Safety at Home–Is Your Home Safe?

When planning your home, quite apart from all the other aspects, you need to think about making it a safe place in which to live (particularly if there are young or elderly people in the house). Sharp tools, power tools, step ladders and scaffolding are all potentially lethal items if they are not handled with care (as are electricity and gas)—the do-it-yourself enthusiast should respect them and learn to use them safely. Last, but by no means least, you need to think about making. Your property safe from would-be house breakers and burglars.

Is your home safe?

The wise motorist regularly checks his vehicle to ensure that it is safe for use. The man on the shop floor follows safety procedures, and checks that any machinery he is required to use is safe and working efficiently. Equally, most families spend much thought and time in selecting suitable materials and appliances for use in the home. But, and it is a big “but”, statistics of home accidents prove that much pain and suffering could have been avoided if the victims of such accidents had given thought to unsafe situations within their own homes.

Few people realise that home accidents kill and maim more people each year than any other category of accident.

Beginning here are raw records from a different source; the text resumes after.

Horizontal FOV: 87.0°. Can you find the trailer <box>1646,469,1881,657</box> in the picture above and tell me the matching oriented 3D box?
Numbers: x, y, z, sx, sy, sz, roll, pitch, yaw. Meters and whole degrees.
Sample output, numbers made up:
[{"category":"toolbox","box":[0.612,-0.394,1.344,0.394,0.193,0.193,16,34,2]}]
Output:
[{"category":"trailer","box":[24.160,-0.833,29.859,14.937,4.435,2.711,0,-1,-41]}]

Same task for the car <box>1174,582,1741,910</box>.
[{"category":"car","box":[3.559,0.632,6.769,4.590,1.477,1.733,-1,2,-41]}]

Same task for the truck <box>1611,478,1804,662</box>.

Unlike many accidents on the road or in industry, where the victims may not have been responsible for the circumstances, within the home the safety-minded family can control the situation. Half an hour or so is sufficient time to carry out a check in your home.

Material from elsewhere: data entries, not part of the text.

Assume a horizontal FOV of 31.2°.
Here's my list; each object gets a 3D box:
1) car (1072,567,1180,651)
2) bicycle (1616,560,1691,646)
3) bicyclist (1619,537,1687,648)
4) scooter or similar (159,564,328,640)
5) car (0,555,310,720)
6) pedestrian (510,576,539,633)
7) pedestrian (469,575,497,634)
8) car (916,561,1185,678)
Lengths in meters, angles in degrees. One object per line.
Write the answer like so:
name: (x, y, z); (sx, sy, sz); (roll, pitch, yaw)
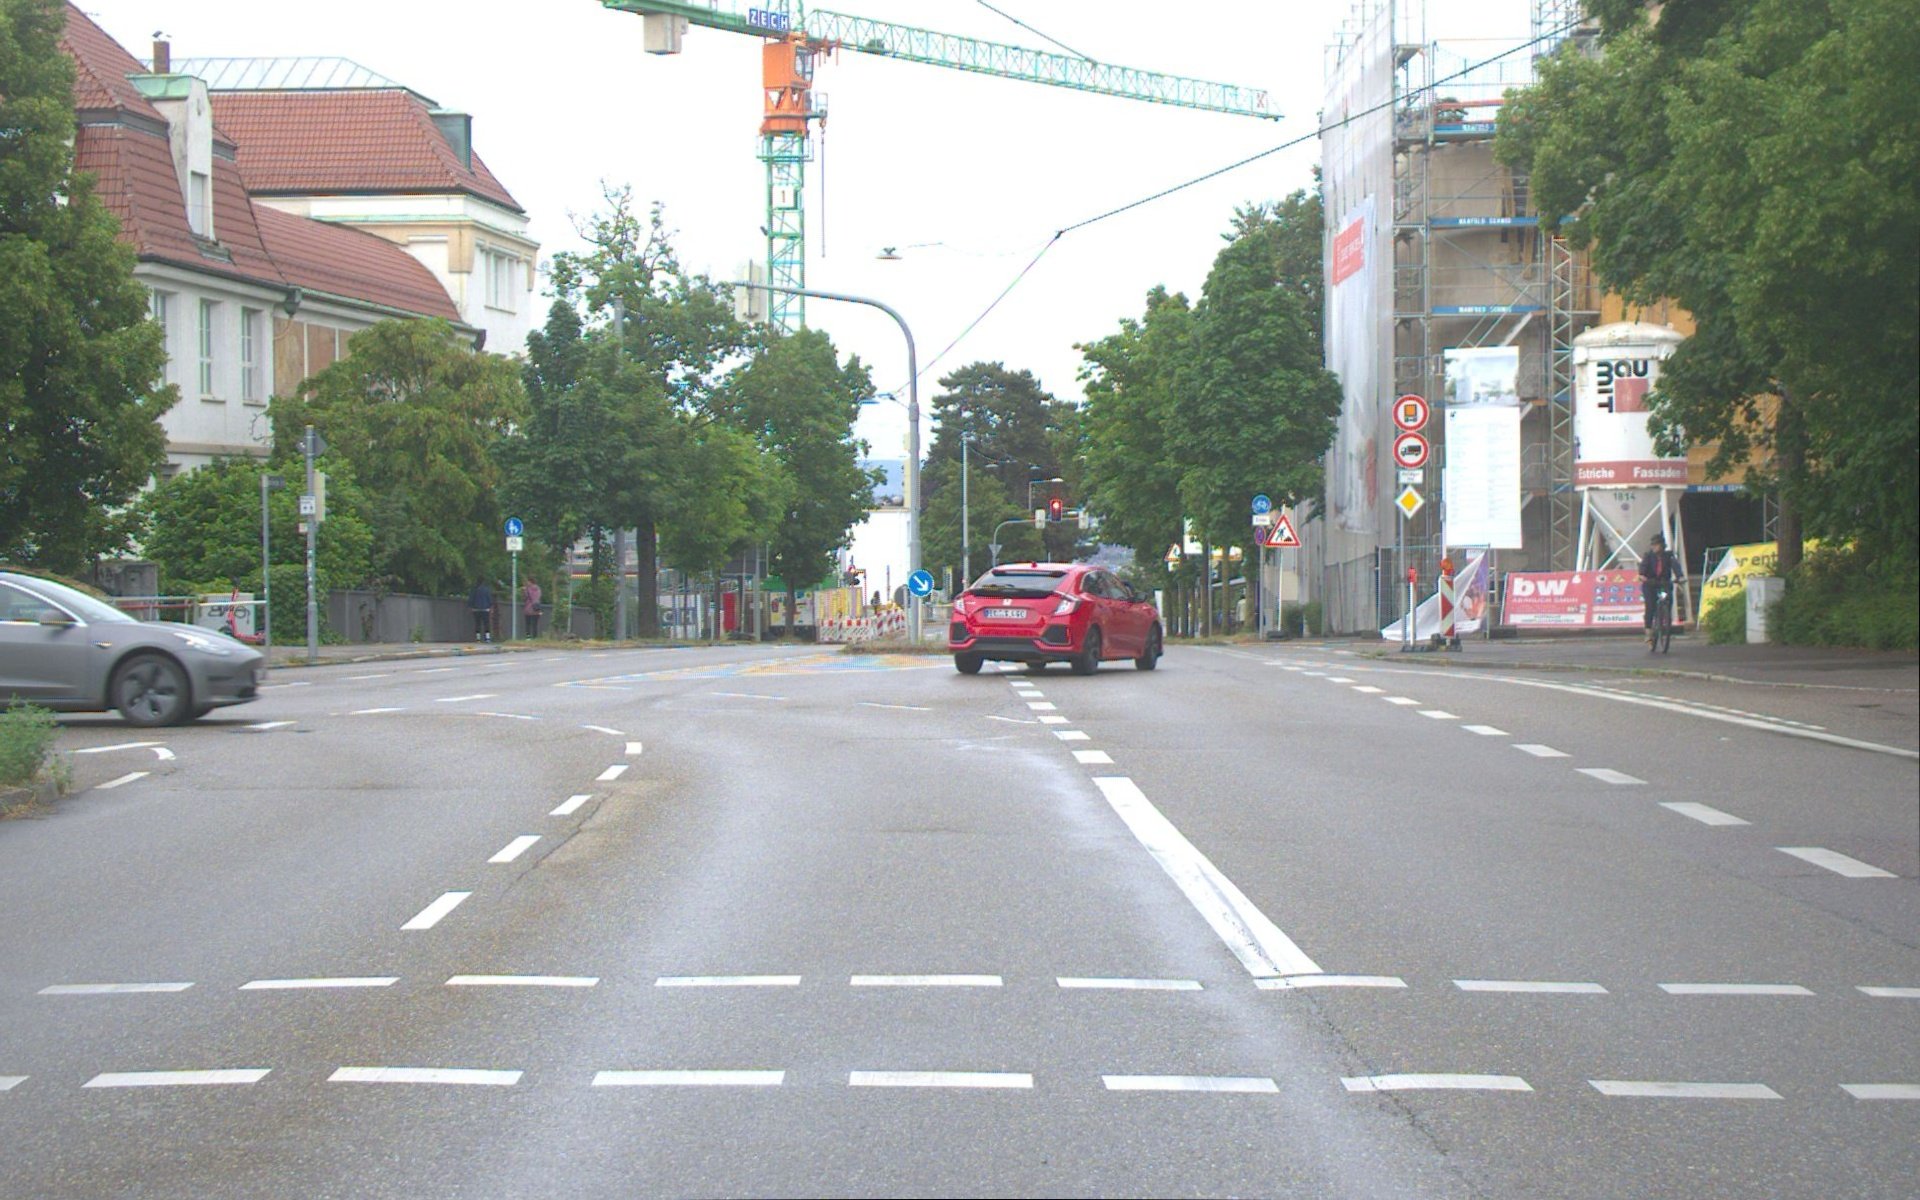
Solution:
car: (3.533, 0.210, 73.866); (1.993, 1.700, 4.000); (1, -1, -1)
bicycle: (9.927, 0.058, 49.270); (0.720, 1.189, 1.756); (1, -1, 1)
bicyclist: (9.934, -0.098, 49.286); (0.720, 1.558, 1.143); (1, -1, 1)
scooter or similar: (-13.976, 0.038, 67.109); (3.087, 1.435, 0.949); (-1, 1, -2)
car: (-8.381, 0.309, 30.917); (4.769, 1.420, 2.000); (0, 1, -3)
pedestrian: (-10.812, 0.110, 85.339); (0.637, 1.381, 0.606); (1, -1, -2)
pedestrian: (-11.698, 0.115, 84.261); (0.587, 1.424, 0.467); (1, -1, 0)
car: (1.245, 0.211, 44.620); (1.996, 1.420, 4.514); (1, 1, 23)

The following series of question has been devised by the Royal Society for the Prevention of Accidents. In their view unless you answer yes to at least seventeen of the questions, your home is not necessarily a safe place.

Entrance

1. Is it well lit?

Hall and passage

2. Is it well lit?

3. Is the doormat “sunk”?

4. Is the floor surface non-slip? Living room

5. Are carpets and rugs in good repair?

6. Are there sufficient electrical power points for all appliances?

7. Is the fire guarded with a fixed fireguard?

8. Is the mirror sited away from the fireplace? Kitchen

9. Are all domestic cleaning agents stored in a lockable receptacle?

10. Are kitchen knives and sharp utensils stored safely away from children ?

11. Is the cooker well maintained and functioning correctly?

12. Is the floor non-slip and free from polish build-up?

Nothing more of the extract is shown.